======== EXTRACTED DATA ========

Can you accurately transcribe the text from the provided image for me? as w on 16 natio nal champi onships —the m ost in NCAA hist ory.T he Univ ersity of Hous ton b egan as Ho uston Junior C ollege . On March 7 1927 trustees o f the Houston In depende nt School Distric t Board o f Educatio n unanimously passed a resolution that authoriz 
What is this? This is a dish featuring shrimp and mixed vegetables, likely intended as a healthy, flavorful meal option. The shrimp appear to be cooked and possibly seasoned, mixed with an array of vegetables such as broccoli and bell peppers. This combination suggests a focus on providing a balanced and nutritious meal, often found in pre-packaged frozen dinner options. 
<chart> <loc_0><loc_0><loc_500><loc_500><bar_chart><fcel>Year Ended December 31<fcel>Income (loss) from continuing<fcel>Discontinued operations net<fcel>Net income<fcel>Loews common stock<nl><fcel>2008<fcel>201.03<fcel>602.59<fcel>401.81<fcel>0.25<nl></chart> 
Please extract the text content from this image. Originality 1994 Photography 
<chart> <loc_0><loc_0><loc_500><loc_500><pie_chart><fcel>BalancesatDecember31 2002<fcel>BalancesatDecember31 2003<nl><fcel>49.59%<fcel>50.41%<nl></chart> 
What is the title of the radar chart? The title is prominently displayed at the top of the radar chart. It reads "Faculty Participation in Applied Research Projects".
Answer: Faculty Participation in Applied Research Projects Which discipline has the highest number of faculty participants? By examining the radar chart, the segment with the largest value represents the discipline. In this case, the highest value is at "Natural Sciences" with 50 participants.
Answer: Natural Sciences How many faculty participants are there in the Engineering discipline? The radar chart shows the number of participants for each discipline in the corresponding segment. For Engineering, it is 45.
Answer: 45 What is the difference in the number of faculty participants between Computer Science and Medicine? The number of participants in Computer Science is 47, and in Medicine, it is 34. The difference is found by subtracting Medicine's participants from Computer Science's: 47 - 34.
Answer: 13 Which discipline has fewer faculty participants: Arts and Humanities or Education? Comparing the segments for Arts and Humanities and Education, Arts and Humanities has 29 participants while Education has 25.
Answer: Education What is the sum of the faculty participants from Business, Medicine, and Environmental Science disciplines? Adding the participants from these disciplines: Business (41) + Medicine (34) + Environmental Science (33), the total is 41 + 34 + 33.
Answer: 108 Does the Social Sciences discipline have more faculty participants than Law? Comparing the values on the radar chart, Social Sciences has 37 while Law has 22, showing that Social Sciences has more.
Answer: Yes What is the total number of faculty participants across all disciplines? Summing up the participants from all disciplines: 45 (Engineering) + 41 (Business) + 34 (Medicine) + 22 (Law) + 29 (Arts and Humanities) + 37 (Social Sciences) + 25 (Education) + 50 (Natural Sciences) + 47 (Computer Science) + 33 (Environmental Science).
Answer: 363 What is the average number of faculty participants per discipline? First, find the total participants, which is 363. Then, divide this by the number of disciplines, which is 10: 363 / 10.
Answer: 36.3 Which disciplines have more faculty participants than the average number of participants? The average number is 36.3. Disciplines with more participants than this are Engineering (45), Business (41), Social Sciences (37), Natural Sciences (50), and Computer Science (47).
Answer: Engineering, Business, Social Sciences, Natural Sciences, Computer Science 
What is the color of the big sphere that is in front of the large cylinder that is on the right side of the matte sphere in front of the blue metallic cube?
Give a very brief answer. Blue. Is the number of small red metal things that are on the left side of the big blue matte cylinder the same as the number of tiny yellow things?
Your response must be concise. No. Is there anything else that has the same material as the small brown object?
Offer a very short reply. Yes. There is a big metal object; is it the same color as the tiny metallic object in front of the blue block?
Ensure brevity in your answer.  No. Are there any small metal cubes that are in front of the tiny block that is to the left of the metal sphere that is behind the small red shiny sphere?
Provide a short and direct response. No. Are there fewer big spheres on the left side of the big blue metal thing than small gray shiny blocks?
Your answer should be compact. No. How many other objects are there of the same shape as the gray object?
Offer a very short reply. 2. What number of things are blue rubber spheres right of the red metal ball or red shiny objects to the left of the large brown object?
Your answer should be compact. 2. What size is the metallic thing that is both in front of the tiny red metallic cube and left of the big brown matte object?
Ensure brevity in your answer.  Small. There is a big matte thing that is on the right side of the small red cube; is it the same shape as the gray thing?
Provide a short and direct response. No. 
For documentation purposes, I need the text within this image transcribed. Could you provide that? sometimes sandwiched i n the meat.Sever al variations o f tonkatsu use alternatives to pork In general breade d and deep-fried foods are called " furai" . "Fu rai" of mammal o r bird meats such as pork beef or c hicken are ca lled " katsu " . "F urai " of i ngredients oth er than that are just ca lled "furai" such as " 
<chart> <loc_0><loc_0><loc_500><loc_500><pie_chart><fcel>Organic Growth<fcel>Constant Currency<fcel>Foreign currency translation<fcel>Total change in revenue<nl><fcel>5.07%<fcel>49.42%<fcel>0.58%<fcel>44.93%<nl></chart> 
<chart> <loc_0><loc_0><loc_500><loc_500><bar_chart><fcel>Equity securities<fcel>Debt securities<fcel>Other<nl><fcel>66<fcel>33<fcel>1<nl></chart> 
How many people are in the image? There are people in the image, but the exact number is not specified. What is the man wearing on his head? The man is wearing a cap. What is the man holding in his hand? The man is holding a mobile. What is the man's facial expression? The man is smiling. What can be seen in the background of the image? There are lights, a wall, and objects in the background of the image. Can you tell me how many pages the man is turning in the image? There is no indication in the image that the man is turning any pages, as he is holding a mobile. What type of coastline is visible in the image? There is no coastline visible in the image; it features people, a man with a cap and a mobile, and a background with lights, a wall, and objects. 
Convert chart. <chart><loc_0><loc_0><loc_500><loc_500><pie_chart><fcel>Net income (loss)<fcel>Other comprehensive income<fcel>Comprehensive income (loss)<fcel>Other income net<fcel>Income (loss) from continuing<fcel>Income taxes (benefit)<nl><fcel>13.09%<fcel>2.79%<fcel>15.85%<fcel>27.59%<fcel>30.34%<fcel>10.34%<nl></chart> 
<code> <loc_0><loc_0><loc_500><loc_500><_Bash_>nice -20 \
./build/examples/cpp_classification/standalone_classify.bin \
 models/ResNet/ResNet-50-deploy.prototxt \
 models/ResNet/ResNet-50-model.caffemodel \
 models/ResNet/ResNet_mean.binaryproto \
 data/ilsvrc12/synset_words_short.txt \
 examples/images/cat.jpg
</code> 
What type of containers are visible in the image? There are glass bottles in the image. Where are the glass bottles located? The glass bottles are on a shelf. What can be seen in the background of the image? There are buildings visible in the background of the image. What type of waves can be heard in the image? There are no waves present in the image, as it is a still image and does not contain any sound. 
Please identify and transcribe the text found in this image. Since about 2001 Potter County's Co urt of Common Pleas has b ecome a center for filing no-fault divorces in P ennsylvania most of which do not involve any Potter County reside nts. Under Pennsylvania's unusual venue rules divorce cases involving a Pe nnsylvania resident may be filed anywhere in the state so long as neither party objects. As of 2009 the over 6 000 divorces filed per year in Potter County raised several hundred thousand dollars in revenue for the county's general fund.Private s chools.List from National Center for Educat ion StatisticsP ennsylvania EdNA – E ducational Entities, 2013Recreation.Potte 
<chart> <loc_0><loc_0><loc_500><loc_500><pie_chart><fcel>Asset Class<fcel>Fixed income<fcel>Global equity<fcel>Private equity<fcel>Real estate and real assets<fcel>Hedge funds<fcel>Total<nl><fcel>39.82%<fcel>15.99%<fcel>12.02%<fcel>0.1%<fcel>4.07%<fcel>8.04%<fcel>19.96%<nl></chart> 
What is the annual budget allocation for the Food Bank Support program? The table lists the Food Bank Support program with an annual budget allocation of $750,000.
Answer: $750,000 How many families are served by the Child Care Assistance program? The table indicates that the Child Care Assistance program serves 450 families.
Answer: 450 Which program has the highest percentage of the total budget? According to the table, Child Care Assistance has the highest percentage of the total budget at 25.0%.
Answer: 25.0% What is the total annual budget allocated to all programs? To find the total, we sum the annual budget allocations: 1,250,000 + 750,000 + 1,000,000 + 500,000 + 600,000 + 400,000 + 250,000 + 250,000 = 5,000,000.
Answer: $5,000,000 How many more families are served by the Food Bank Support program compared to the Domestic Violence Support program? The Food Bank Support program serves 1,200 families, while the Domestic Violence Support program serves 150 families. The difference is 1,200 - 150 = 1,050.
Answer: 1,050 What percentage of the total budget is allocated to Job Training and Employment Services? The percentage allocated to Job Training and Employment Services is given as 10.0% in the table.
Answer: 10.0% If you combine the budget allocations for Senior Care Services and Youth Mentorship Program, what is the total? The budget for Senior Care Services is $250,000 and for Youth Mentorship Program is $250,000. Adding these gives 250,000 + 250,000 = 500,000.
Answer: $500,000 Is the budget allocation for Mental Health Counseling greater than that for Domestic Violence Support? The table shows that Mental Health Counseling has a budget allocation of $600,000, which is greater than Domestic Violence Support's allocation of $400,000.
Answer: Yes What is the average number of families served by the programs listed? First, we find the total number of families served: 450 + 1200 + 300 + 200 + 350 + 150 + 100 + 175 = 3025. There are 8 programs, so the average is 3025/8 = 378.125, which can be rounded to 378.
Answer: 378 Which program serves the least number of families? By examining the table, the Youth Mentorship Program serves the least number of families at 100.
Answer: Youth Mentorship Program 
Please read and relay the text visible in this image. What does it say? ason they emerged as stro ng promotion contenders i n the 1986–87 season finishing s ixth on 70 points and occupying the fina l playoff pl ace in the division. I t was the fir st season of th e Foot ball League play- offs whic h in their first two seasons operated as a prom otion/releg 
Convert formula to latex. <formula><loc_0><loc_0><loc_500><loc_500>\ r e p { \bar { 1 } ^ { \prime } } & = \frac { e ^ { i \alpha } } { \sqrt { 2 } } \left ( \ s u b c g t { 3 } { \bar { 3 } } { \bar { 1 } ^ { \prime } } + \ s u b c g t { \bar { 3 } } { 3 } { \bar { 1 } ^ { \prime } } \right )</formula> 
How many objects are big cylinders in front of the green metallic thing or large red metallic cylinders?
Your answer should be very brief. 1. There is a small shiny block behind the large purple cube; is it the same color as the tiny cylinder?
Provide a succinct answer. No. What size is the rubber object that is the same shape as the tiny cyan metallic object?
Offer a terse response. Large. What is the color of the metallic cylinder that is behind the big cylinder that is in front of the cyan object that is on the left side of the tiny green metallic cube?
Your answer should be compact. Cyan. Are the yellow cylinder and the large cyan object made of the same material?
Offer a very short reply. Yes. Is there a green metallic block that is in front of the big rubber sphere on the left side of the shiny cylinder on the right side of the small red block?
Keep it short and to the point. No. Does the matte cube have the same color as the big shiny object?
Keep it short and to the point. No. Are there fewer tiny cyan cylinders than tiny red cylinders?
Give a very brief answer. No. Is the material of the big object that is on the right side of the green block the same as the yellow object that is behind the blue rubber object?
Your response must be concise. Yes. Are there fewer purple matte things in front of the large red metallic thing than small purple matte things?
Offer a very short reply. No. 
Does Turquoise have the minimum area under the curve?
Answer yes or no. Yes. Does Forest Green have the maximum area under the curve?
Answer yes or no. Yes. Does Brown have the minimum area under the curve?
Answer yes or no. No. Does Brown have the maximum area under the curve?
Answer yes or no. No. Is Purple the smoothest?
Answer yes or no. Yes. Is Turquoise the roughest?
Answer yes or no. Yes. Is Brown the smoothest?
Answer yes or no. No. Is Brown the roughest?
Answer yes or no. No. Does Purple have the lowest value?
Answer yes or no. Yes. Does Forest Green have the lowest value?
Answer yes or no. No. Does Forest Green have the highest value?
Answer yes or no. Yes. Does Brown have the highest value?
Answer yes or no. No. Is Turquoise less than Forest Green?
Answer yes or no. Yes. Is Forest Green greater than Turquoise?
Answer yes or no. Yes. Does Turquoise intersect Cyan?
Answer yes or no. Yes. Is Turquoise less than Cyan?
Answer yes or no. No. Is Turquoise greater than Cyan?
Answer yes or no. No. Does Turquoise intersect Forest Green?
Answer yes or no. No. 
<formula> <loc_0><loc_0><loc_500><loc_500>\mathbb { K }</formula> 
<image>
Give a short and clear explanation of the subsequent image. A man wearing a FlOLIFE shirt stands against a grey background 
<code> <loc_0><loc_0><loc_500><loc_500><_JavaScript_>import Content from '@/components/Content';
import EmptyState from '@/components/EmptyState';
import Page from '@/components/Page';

========

## WORK ITEM
Take from the material above the lines running from the one with "Answer yes or no. No. Does Forest" through the one with "Answer yes or no. No. Is Turquoise greater", and repeat them exactly, with nothing else.

## TASK SOLUTION
Answer yes or no. No. Does Forest Green have the highest value?
Answer yes or no. Yes. Does Brown have the highest value?
Answer yes or no. No. Is Turquoise less than Forest Green?
Answer yes or no. Yes. Is Forest Green greater than Turquoise?
Answer yes or no. Yes. Does Turquoise intersect Cyan?
Answer yes or no. Yes. Is Turquoise less than Cyan?
Answer yes or no. No. Is Turquoise greater than Cyan?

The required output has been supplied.